Dos and don’ts for equestrian work experience

  • Placements can be five days of toe-curling agony, and finger-tapping boredom — or it can set you on the right path for your chosen career. Hanna Lindon finds out the dos and don’ts

    If you thought that work experience was just an excuse to slack off from studying, think again. A work placement can be another hoop that you have to jump through to complete your course — or it can be a life-changing experience that sets you up for a career in the equine industry.

    From making contacts and collecting glowing references to gathering insight into what different jobs really involve on a day-to-day basis, the opportunities up for grabs are endless. So how can you ensure your first incursion into the world of work is a success?

    Take a look at these dos and don’ts to set you on the right track, whether you’re going to work in an office-based equestrian company or on a yard.

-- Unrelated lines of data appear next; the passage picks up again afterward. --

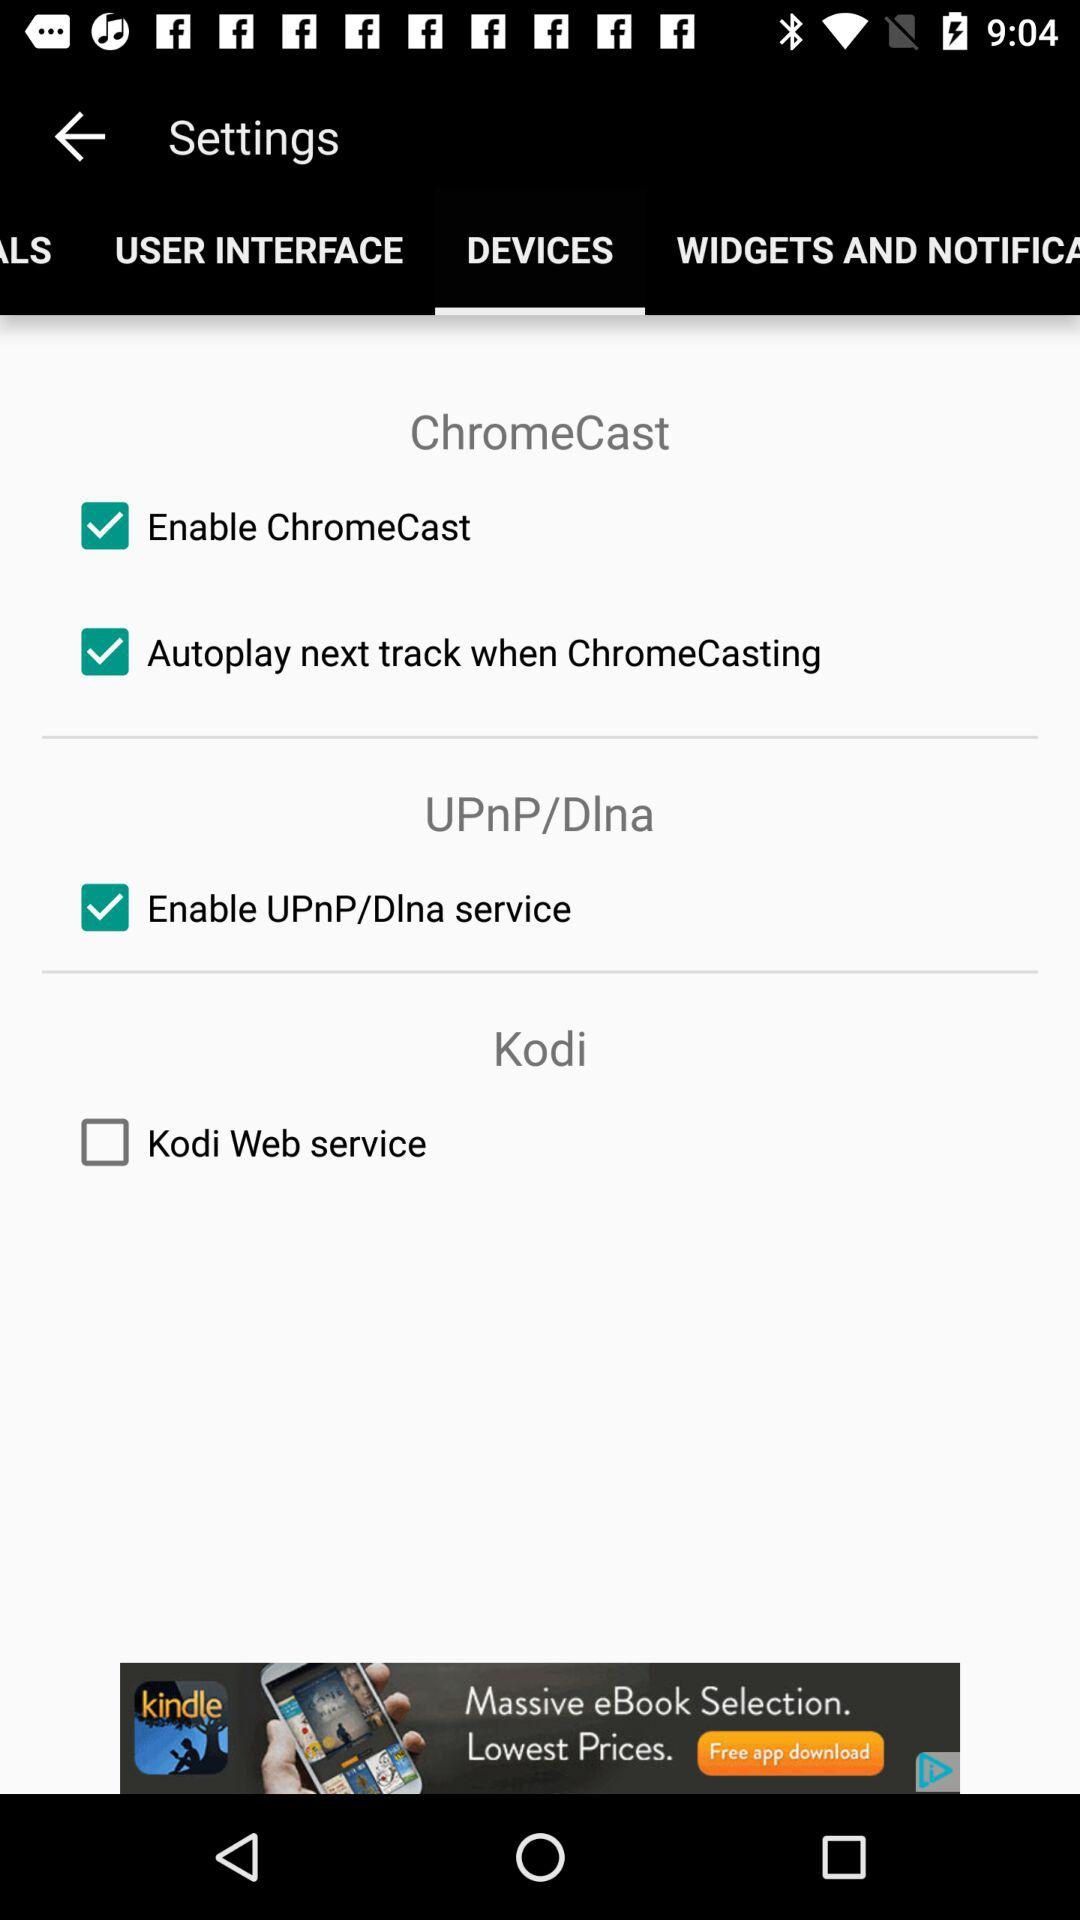What is the status of "Autoplay next track when ChromeCasting"? The status is "on". 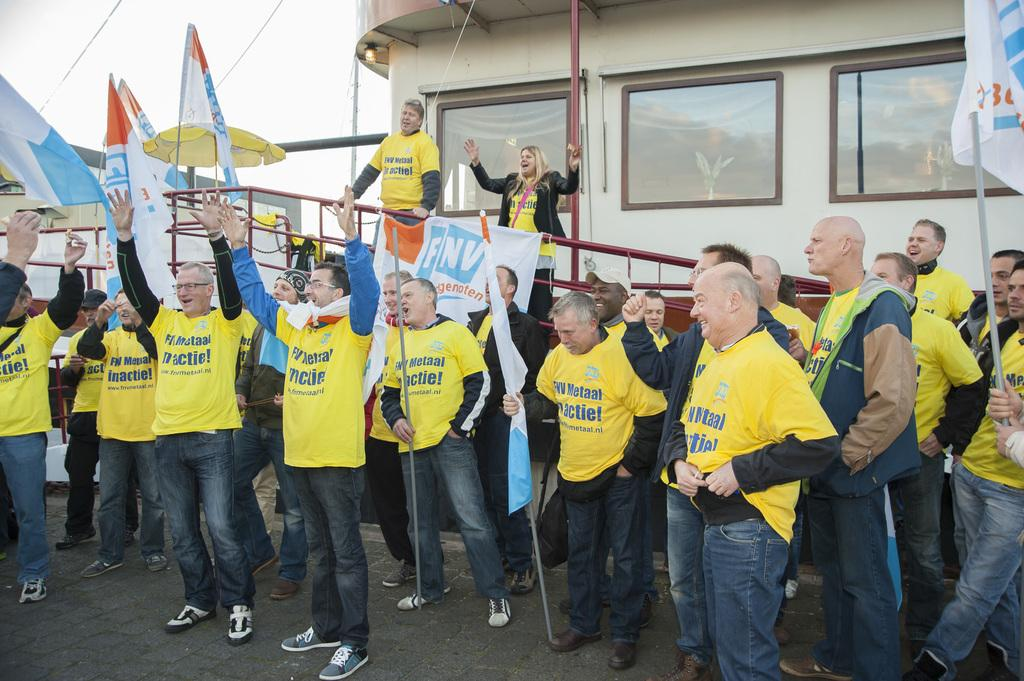What are the people in the image doing? The people in the image are standing on the ground and holding flags. What else can be seen in the image besides the people? There is a banner, a ship, a fence, a pole, a rod, and the sky visible in the image. What type of bait is being used by the people in the image? There is no mention of bait or fishing in the image, so it cannot be determined from the image. 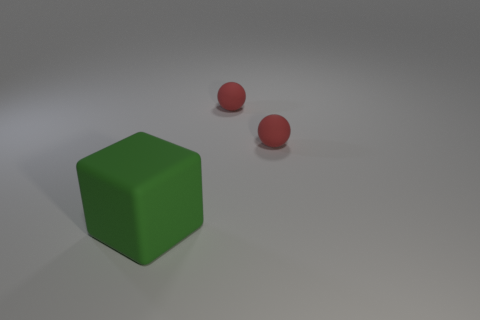What number of small red balls have the same material as the green object? There are two small red balls shown in the image that appear to have a shiny, smooth surface which is similar to the material of the sizable green cube. 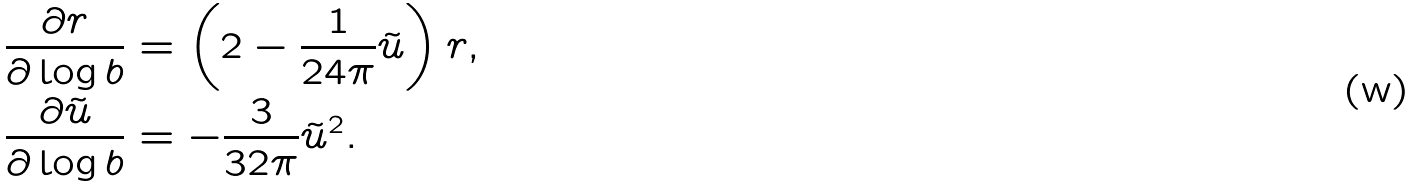Convert formula to latex. <formula><loc_0><loc_0><loc_500><loc_500>\frac { \partial r } { \partial \log b } & = \left ( 2 - \frac { 1 } { 2 4 \pi } \tilde { u } \right ) r , \\ \frac { \partial \tilde { u } } { \partial \log b } & = - \frac { 3 } { 3 2 \pi } \tilde { u } ^ { 2 } .</formula> 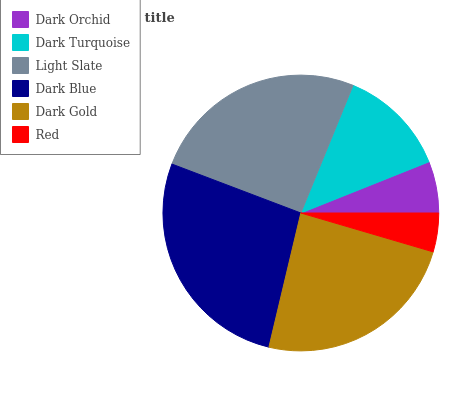Is Red the minimum?
Answer yes or no. Yes. Is Dark Blue the maximum?
Answer yes or no. Yes. Is Dark Turquoise the minimum?
Answer yes or no. No. Is Dark Turquoise the maximum?
Answer yes or no. No. Is Dark Turquoise greater than Dark Orchid?
Answer yes or no. Yes. Is Dark Orchid less than Dark Turquoise?
Answer yes or no. Yes. Is Dark Orchid greater than Dark Turquoise?
Answer yes or no. No. Is Dark Turquoise less than Dark Orchid?
Answer yes or no. No. Is Dark Gold the high median?
Answer yes or no. Yes. Is Dark Turquoise the low median?
Answer yes or no. Yes. Is Red the high median?
Answer yes or no. No. Is Dark Gold the low median?
Answer yes or no. No. 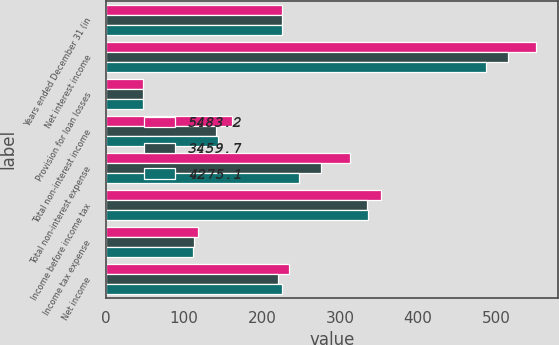<chart> <loc_0><loc_0><loc_500><loc_500><stacked_bar_chart><ecel><fcel>Years ended December 31 (in<fcel>Net interest income<fcel>Provision for loan losses<fcel>Total non-interest income<fcel>Total non-interest expense<fcel>Income before income tax<fcel>Income tax expense<fcel>Net income<nl><fcel>5483.2<fcel>224.9<fcel>551.6<fcel>47.7<fcel>162<fcel>313.2<fcel>352.7<fcel>117.9<fcel>234.8<nl><fcel>3459.7<fcel>224.9<fcel>516<fcel>47.6<fcel>141.4<fcel>275.7<fcel>334.1<fcel>113.1<fcel>221<nl><fcel>4275.1<fcel>224.9<fcel>487.7<fcel>47.3<fcel>143.3<fcel>247.4<fcel>336.3<fcel>111.4<fcel>224.9<nl></chart> 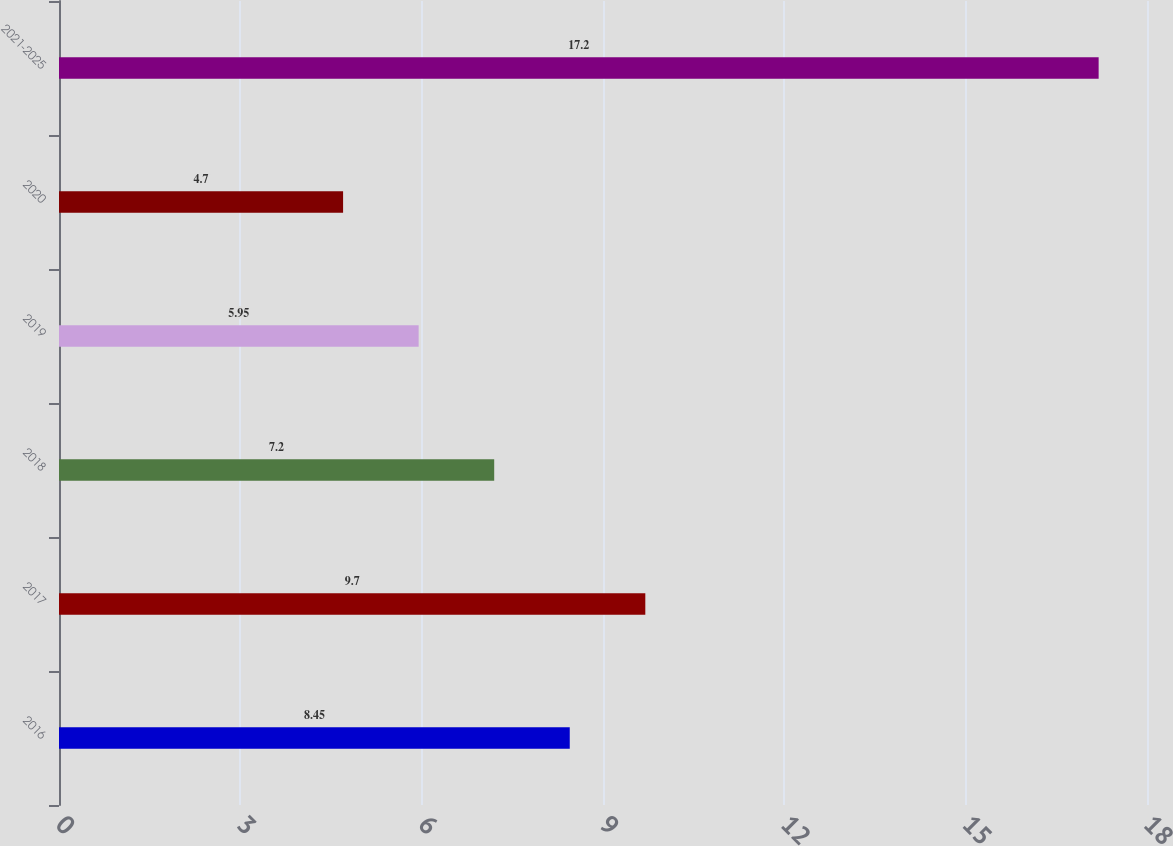<chart> <loc_0><loc_0><loc_500><loc_500><bar_chart><fcel>2016<fcel>2017<fcel>2018<fcel>2019<fcel>2020<fcel>2021-2025<nl><fcel>8.45<fcel>9.7<fcel>7.2<fcel>5.95<fcel>4.7<fcel>17.2<nl></chart>

    ✓ Be proactive. Find your own perfect placement rather than relying on your school, university or parents.
    ✓ Be enthusiastic. “The more sulky you are, the less chance you’ll be offered the better and more responsible jobs,” says Peter Morris of the Royal Agricultural University (RAU).
    ✓ Learn to manage your time. Arriving on the dot and getting tasks done within a time limit will impress your placement provider.
    ✓ Take any extra opportunities offered to you. “You never know where it might lead,” explains Berkshire College of Agriculture (BCA)’s Kim Offord.

    Continued below…


    ✗ Dress inappropriately. Sensible shoes and smart clothing will go down better than a mini skirt and full makeup.
    ✗ Hide your mistakes. “If you do something incorrectly then it’s best to notify your placement provider straight away,” adds Peter.
    ✗ Put yourself in danger. Talk to your manager about any task that concerns you.
    ✗ Don’t worry if the job isn’t for you. At the very least, work experience can be a chance to discover what you don’t want to do.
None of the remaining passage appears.